DATA SHOWN:
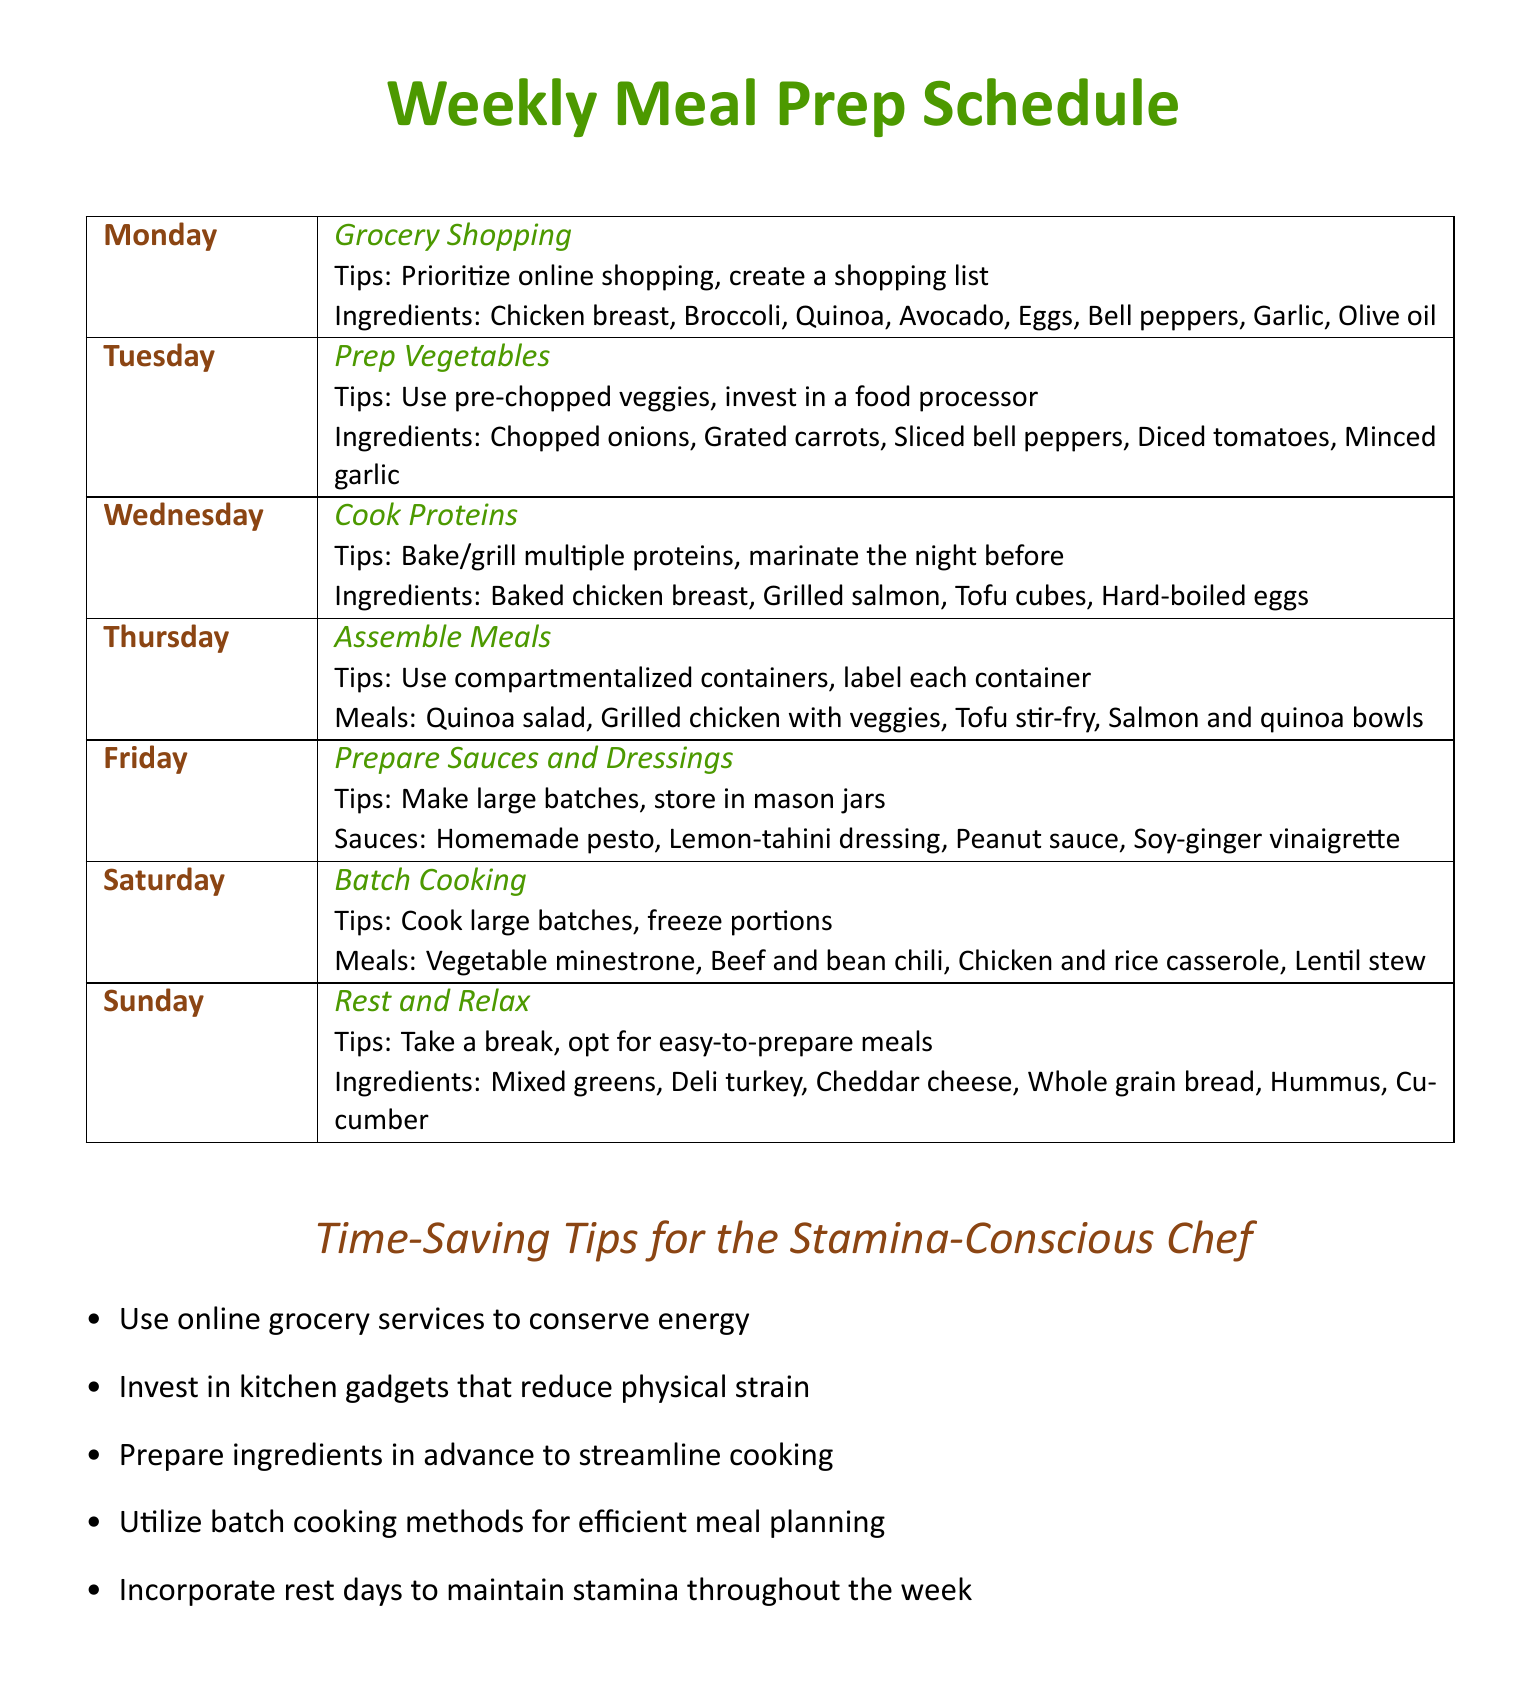What day is designated for grocery shopping? The document states that grocery shopping is scheduled for Monday.
Answer: Monday Which ingredient is listed for Tuesday's meal prep? Chopped onions are included in the ingredient list for Tuesday's vegetable prep.
Answer: Chopped onions What is a suggested tip for assembling meals? The document mentions using compartmentalized containers as a tip for meal assembly.
Answer: Compartmentalized containers How many different sauces are suggested for preparation on Friday? There are four different sauces listed for preparation on Friday.
Answer: Four What type of dish is included in Saturday's batch cooking? Vegetable minestrone is one of the dishes included in Saturday's batch cooking.
Answer: Vegetable minestrone Which meal does Sunday recommend for a rest day? The document suggests opting for easy-to-prepare meals on Sunday.
Answer: Easy-to-prepare meals What is one of the time-saving tips for the stamina-conscious chef? One tip is to use online grocery services to conserve energy.
Answer: Online grocery services Which day is focused on cooking proteins? The document assigns Wednesday to the task of cooking proteins.
Answer: Wednesday

TASK DETAILS:
Out of the preceding entries, pull each line that contains the word "services".

SOLUTION FOR THIS PROBLEM:
Answer: Easy-to-prepare meals What is one of the time-saving tips for the stamina-conscious chef? One tip is to use online grocery services to conserve energy.
Answer: Online grocery services Which day is focused on cooking proteins? The document assigns Wednesday to the task of cooking proteins.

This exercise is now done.